United States District Court, Northern District of Iowa
Jul 27, 2022
13-cr-2040-LRR (N.D. Iowa Jul. 27, 2022)

Opinion

13-cr-2040-LRR

07-27-2022

UNITED STATES OF AMERICA, Plaintiff, v. ADAM LAWIN, Defendant.


REPORT AND RECOMMENDATION

MARK A. ROBERTS, UNITED STATES MAGISTRATE JUDGE

I. INTRODUCTION

The matter before me is a Motion to Cease Seizure of Substitute Assets, Motion for an Accounting on Forfeiture, Motion to Release Seized Assets pursuant to Federal Rule of Criminal Procedure 41(g). (Doc. 133.) The Government resisted the motion. (Doc. 137.) The Honorable Linda R. Reade District Court Judge referred the Motion to me for a report and recommendation. (Doc. 134.) Movant filed a brief at Doc. 142. The Government filed a Reply to Movant's Brief. (Doc. 147.) Defendant was given until December 8, 2021 to file a reply brief, but he did not do so. (Doc. 148.)

On March 8, 2022, I held an evidentiary hearing on the motion at which Defendant testified. Defendant's Exhibit A, a Wall Street Journal article about bitcoin, was admitted into evidence. I also took judicial notice of the Notice of Forfeiture Allegation and the Order of Forfeiture (Docs. 89 and 92.) At the hearing, the Government requested additional time to determine the status of certain electronic equipment that had been seized by the Government. On May 6, 2022, the Government filed a status report stating that the equipment had “been destroyed in 2016 through agency procedures.” (Doc. 153.)

On June 28, 2022, I held a telephonic status conference to discuss matters remaining for resolution by the Court. Defendant confirmed that there was no other non- contraband personal property seized for which he was seeking an accounting or credit against the judgment discussed below. The parties were ultimately given until July 22, 2022 to submit any stipulation regarding the value of the equipment or, in the absence of a stipulation to submit evidence on its value. (Doc. 157.) In a July 22, 2022 status report, the Government reported, “Mr. Lawin has stated and the United States does not dispute that the value for the destroyed computer and other electronic equipment is $2,400.00.” (Doc. 158.) Neither party requested a further hearing on this issue. For the following reasons, I respectfully recommend that the District Court enter an order denying Defendant's motion except to grant Defendant credit against the forfeiture judgment for the value of the equipment seized.

II. BACKGROUND

In December 2013, Defendant was indicted in this Court for Conspiracy to Distribute a Controlled Substance in violation of 21 U.S.C. Section 846 and Possession with Intent to Distribute a Controlled Substance in violation of 21 U.S.C. Sections 841(a)(1) and (b)(1)(C). (Doc. 3.) The indictment alleged Defendant conspired to, or possessed with the intent to distribute, a mixture or substance containing a detectable amount of 3,4-methylenedioxmethamphetamine - also known as MDMA or Molly.

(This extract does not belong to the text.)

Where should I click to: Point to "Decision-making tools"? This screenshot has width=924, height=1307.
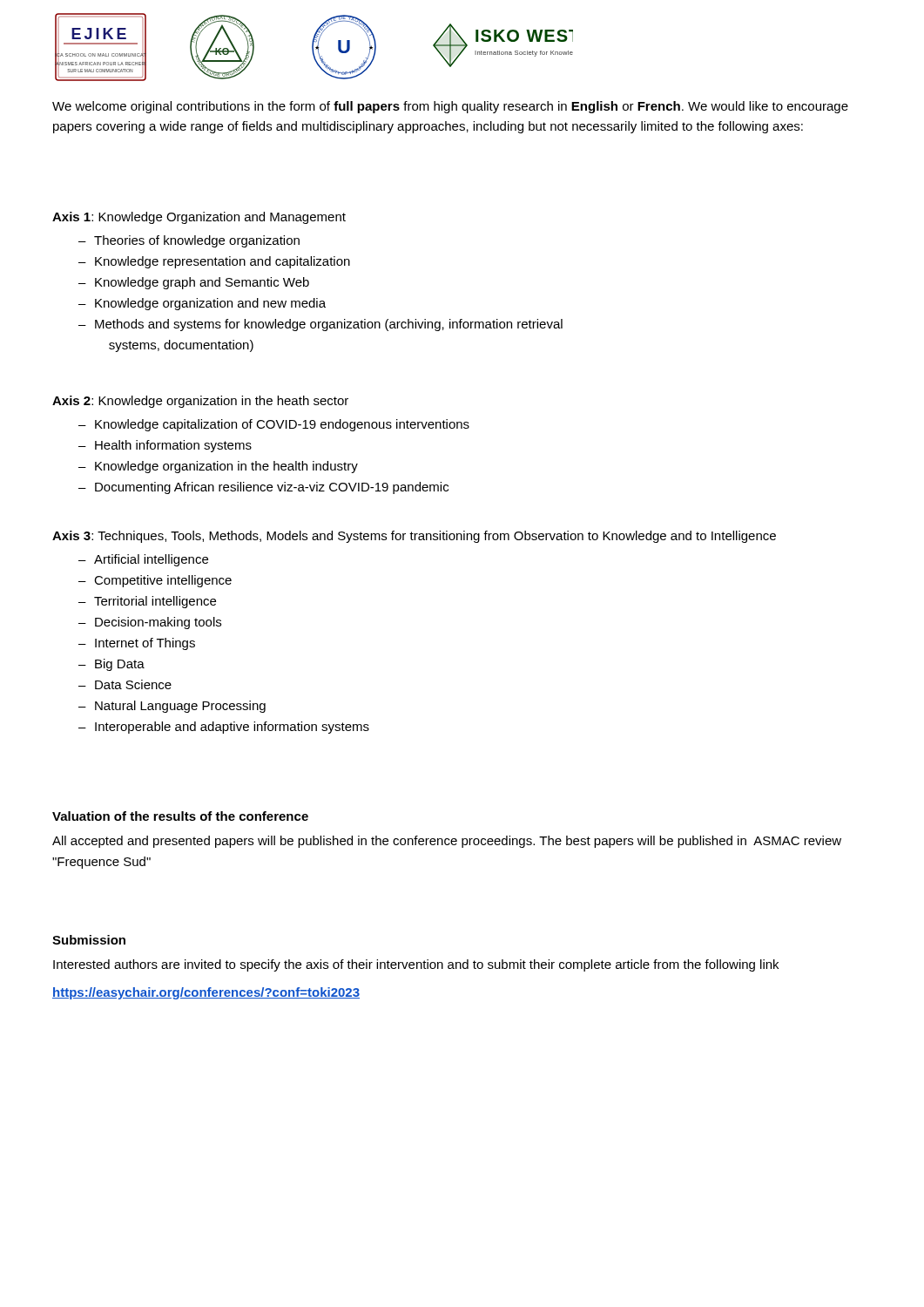pyautogui.click(x=158, y=622)

Defendant ultimately pleaded guilty to the conspiracy charge and was sentenced to 147 months imprisonment and 5 years' supervised release. (Doc. 95.)

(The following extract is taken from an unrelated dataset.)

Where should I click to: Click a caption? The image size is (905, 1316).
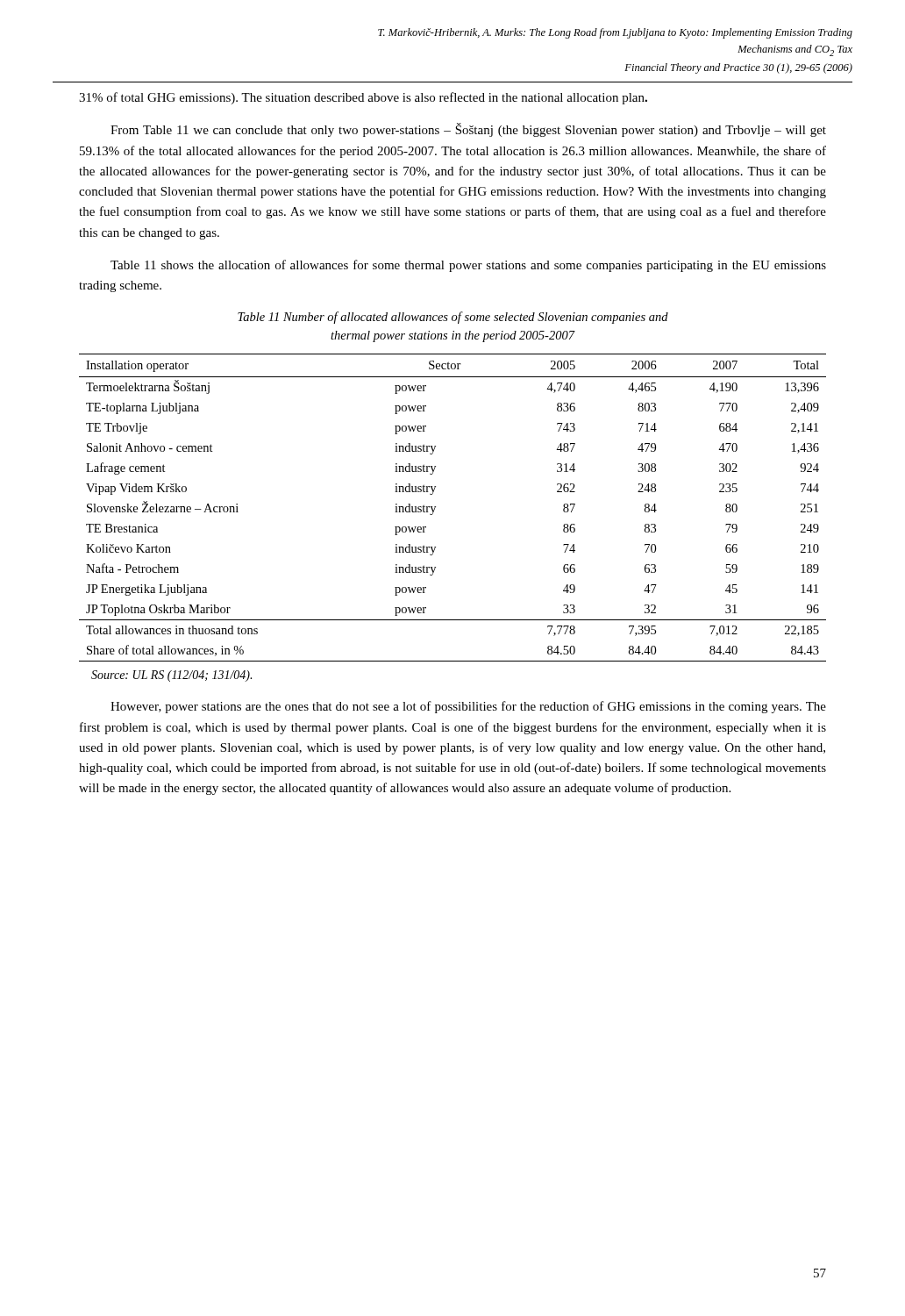click(x=452, y=326)

In his motion, Defendant asserts the drug trafficking involved “the purchase and sale of MDMA on the Dark Web, conducted with bitcoin.” (Doc. 133 at 3.) Indeed, Defendant's motion describes at some length how he was both a buyer and seller on a now-defunct Dark Web website called Silk Road. Apparently, as part of their investigation into Defendant's drug trafficking, law enforcement searched and perhaps seized “a significant quantity of controlled substances, and printouts containing information about Bitcoin, Silk Road, and the Dark Web.” (Doc. 133 at 4.) I say “apparently,” because Defendant has not provided or cited to any return of service, inventory, or other list of the property he claims was seized, except for $25 that was seized from his Bureau of Prisons commissary account.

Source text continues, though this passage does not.